Collection entries:
◆ ◆ ◆
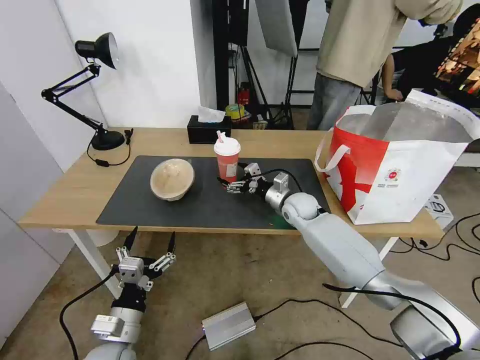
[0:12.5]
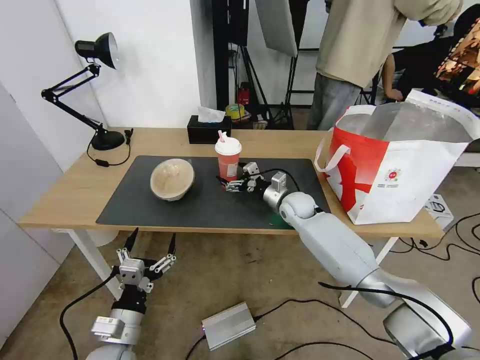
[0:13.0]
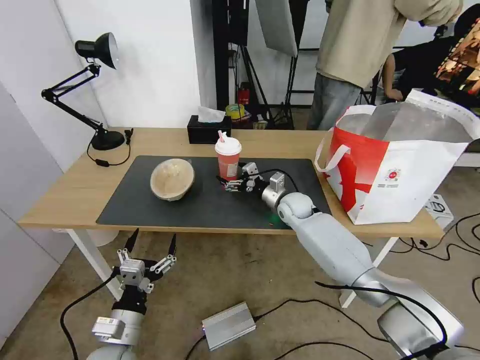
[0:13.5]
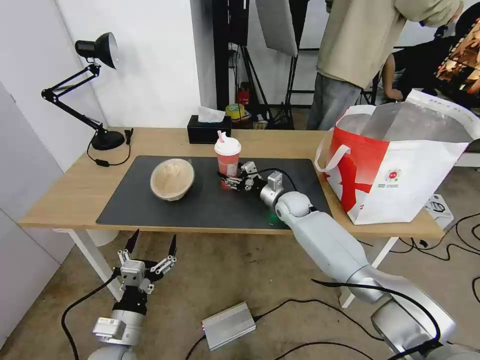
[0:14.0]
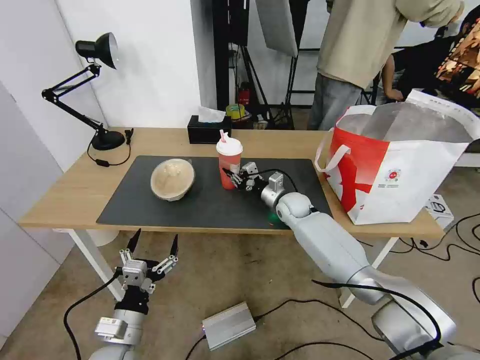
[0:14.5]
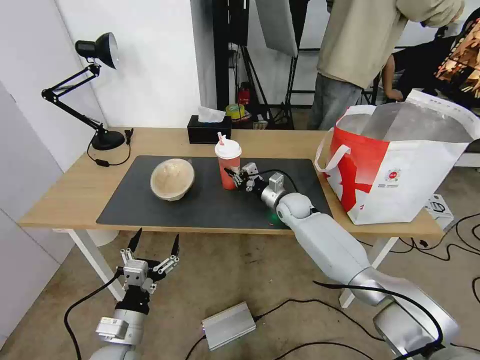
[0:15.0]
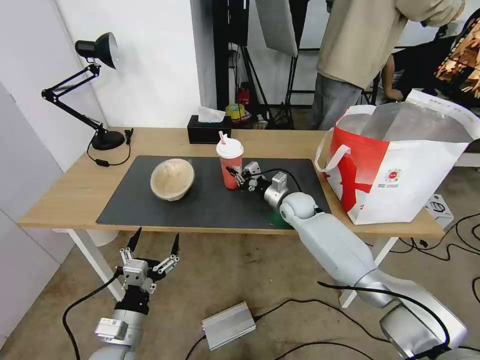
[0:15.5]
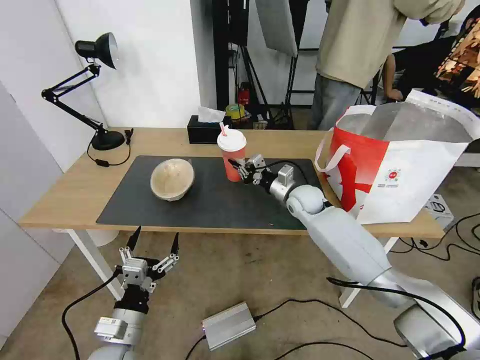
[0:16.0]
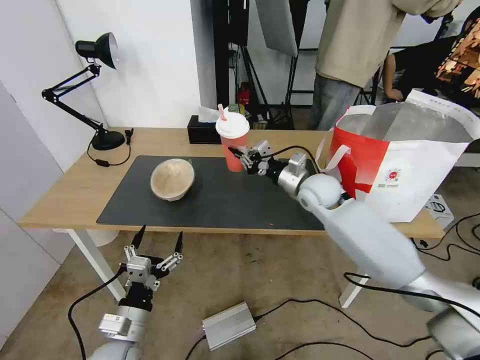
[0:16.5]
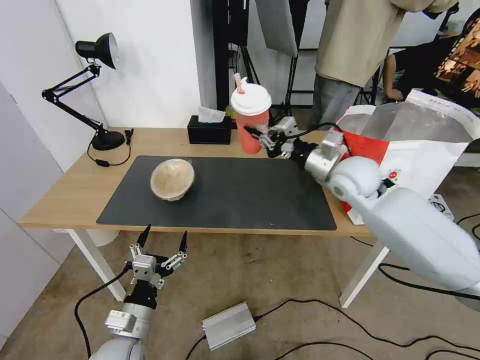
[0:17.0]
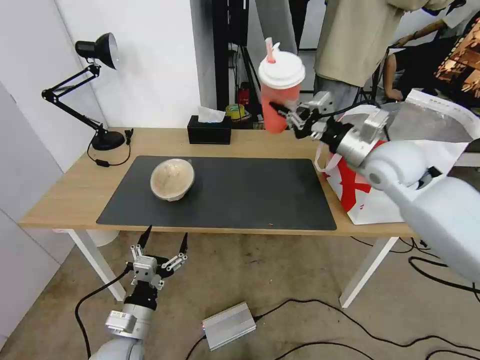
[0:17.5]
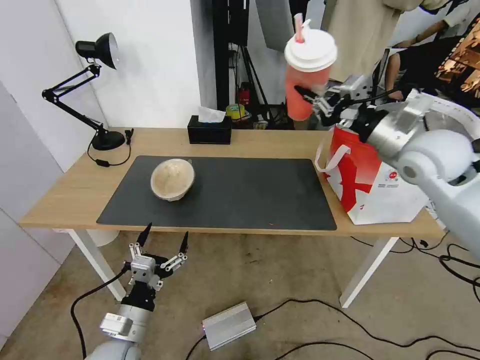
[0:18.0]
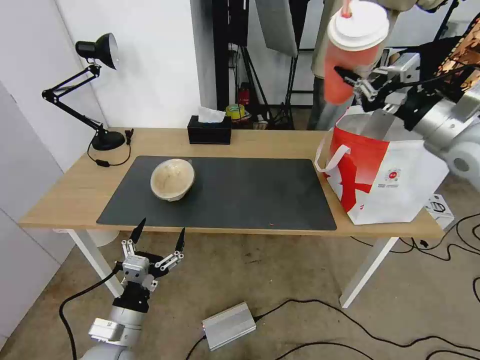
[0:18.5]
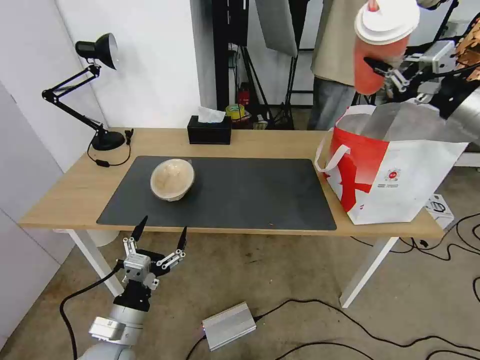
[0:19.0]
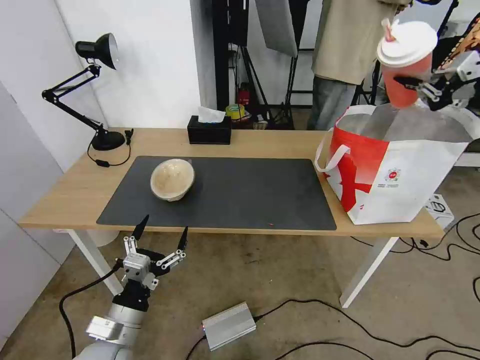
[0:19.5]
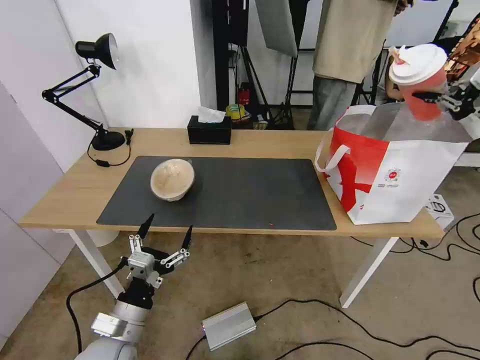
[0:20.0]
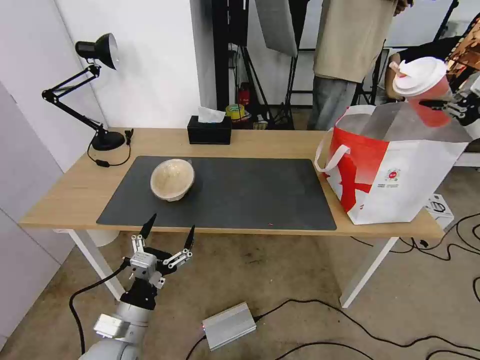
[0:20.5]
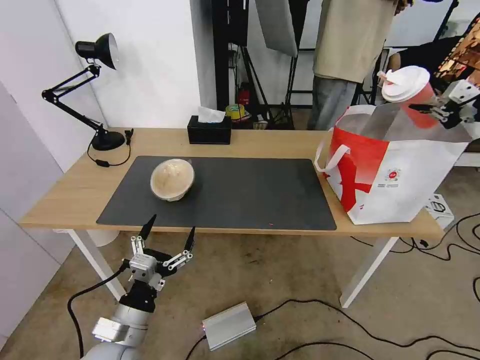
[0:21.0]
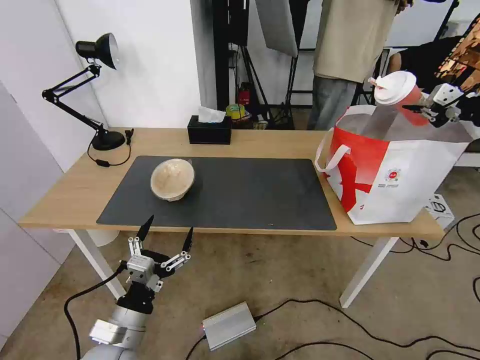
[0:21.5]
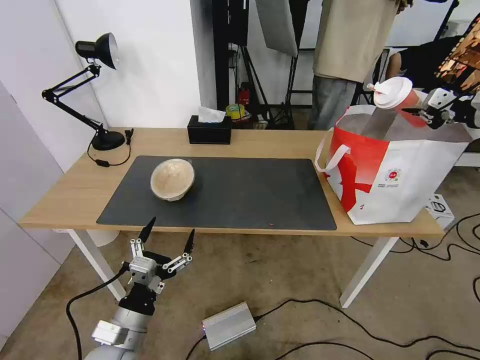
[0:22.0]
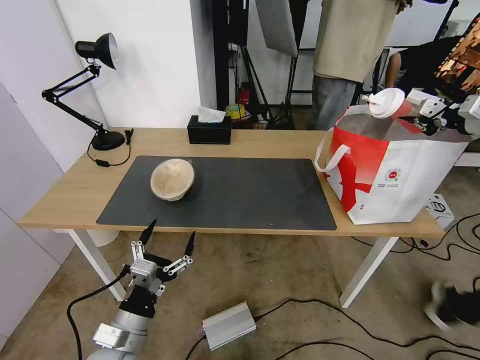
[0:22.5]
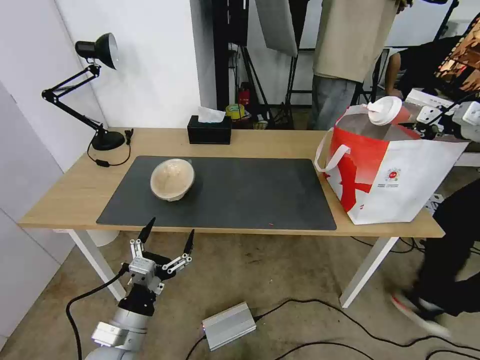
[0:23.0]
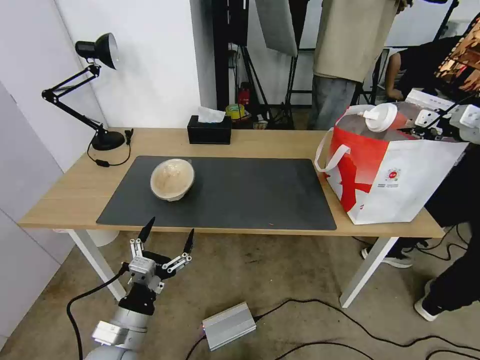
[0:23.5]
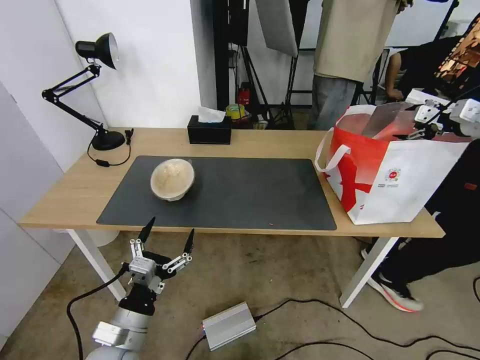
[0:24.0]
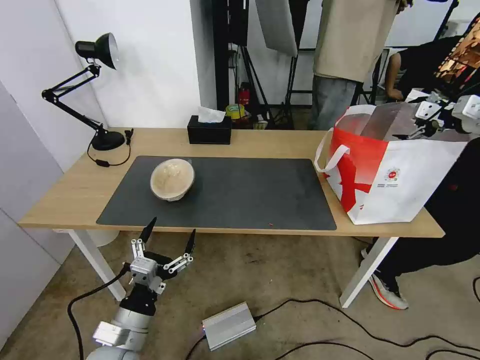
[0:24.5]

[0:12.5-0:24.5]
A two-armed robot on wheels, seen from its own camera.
◆ ◆ ◆
- Task to carry out -
Word for word, print all of the data; skip the pictures.

- Written solution -
[0:12.5]
[0:13.0]
[0:13.5]
[0:14.0]
[0:14.5]
[0:15.0]
[0:15.5]
[0:16.0]
[0:16.5]
[0:17.0]
[0:17.5]
[0:18.0]
[0:18.5]
[0:19.0]
[0:19.5]
[0:20.0]
[0:20.5]
[0:21.0]
[0:21.5]
[0:22.0]
[0:22.5]
[0:23.0]
[0:23.5]
[0:24.0]
[0:24.5]

[0:12.5-0:24.5]
A two-armed robot on wheels, seen from its own camera.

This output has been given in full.